Positive Negative Light

Exploring inverse light sources in Blender

While playing around in Blender, I discovered an interesting effect. This may not be news to everyone, but it was news to me.
 
If you give a light source a negative color value (where the red, green and blue values are less than 0), you get a kind of negative/inverse light source. For example, if you give an object with an emission node a color value of [0, -1, 0], you will get an inverse light that absorbs green light and leaves red and blue light. 
 
Of course, this has no effect without other regular light sources, either lamps or light emitting objects. So, the interesting stuff happens when you place a regular light and an "inverse" light in a scene. 
 
Now, you cannot simply assign a negative value to anything that accepts a color. You cannot even directly assign a negative value to a Combine RGB node. 
 
There a number of ways you can get a negative color value. However, the most straight-forward method (I think) is this:
Figure 1: Use a Mix RGB node and assign Black as the first color and any color for the second color. Set the mix method to subtract. Then plug that into your color value on your Emission Node. Do not check Clamp.
The blue-green color is (0,1,0.259).
The only thing you have to keep in mind is that you are no longer selecting the color you want to see. Instead, you are selecting how much of the Red, Green, and Blue light in the scene you want to cancel out. Otherwise, the light acts in much the same way. The strength will work as expected.
Figure 2
In Figure 2, there are only three objects, two spheres and a plane. The plane has a pure white Diffuse node. The left sphere has a pure white Emission node, strength 3. The right sphere has the same Emission node, but the Mix RGB node (as shown in Figure 1) is plugged into the Emission color socket. The world color is set to pure black, so you can see that the right sphere is not emitting any regular light, but it is emitting a negative light that cancels out all of the green light and some of the blue light it encounters.
 
If I bump up the strength of the right sphere's Emission node to 30, you get this:
Figure 3
There is a side effect of this process: you get a lot of noise. Figure 2 and Figure 3 were set to 100 samples, and clamping set to 5. Here is one with 1000 samples:
Figure 4
The noise is reduced, but not eliminated. The same scene without the right sphere is pretty smooth at 1000 samples. I'm sure there is some math that would explain why the inverse light causes extra noise, but I haven't worked it out.
 
However, switching to Branched Path Tracing in the Sampling panel will allow you to smooth things out, without having a crazy amount of samples - but, at the cost of rendering speed, I think. Using these settings for the Branched Path Tracing options:
Figure 5
and using the first example, with the inverse light set to an Emission strength of 3, you get this:
Figure 6
Still noisy, but getting better.
 
I chose, for now, to just deal with the noise. Some images I may smooth out in Photoshop, while I may leave the noise in other images.

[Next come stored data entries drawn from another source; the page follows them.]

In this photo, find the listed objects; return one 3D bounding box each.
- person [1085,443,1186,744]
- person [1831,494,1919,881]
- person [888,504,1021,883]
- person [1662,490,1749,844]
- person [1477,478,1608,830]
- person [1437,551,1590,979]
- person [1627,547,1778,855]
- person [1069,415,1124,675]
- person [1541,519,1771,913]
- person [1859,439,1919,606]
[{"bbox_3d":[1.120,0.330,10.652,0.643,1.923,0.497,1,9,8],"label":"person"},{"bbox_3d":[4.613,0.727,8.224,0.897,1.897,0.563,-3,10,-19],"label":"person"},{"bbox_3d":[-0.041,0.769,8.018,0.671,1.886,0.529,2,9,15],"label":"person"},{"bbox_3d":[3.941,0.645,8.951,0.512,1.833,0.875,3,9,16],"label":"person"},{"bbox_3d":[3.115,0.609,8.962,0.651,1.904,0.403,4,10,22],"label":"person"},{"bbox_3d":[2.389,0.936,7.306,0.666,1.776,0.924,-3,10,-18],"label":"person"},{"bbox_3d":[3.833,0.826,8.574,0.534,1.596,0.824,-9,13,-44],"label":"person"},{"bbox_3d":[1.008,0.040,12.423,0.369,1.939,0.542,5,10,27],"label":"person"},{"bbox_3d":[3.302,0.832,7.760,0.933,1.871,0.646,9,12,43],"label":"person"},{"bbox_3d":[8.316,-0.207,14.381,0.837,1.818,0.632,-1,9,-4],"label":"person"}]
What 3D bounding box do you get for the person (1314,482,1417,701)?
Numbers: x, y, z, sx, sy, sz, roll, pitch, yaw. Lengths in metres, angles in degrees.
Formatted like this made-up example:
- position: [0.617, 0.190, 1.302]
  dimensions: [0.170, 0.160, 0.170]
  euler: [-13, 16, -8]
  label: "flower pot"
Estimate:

Here are some examples of abstracts I created using this process:
Positive Negative Light
In this one, I removed the noise in Photoshop. The bright lines use a regular Emission node with a yellow light color, plugged into the Volume socket. The circles and the zig-zag shape toward the top use an Inverse ligth setup. There is a white sun lamp, set to a low emission, and a purple diffuse cone-like mesh below everything.
This is the scene for the prior abstract image.
021515 Positive Negative Light
Still using a white sun lamp, white light emitting curve, and white plane, this has two inverse light emitting curves. One emits an inverse red-orange light and the other emits an inverse purple-blue light. Smoothing/noise reduction done in Photoshop.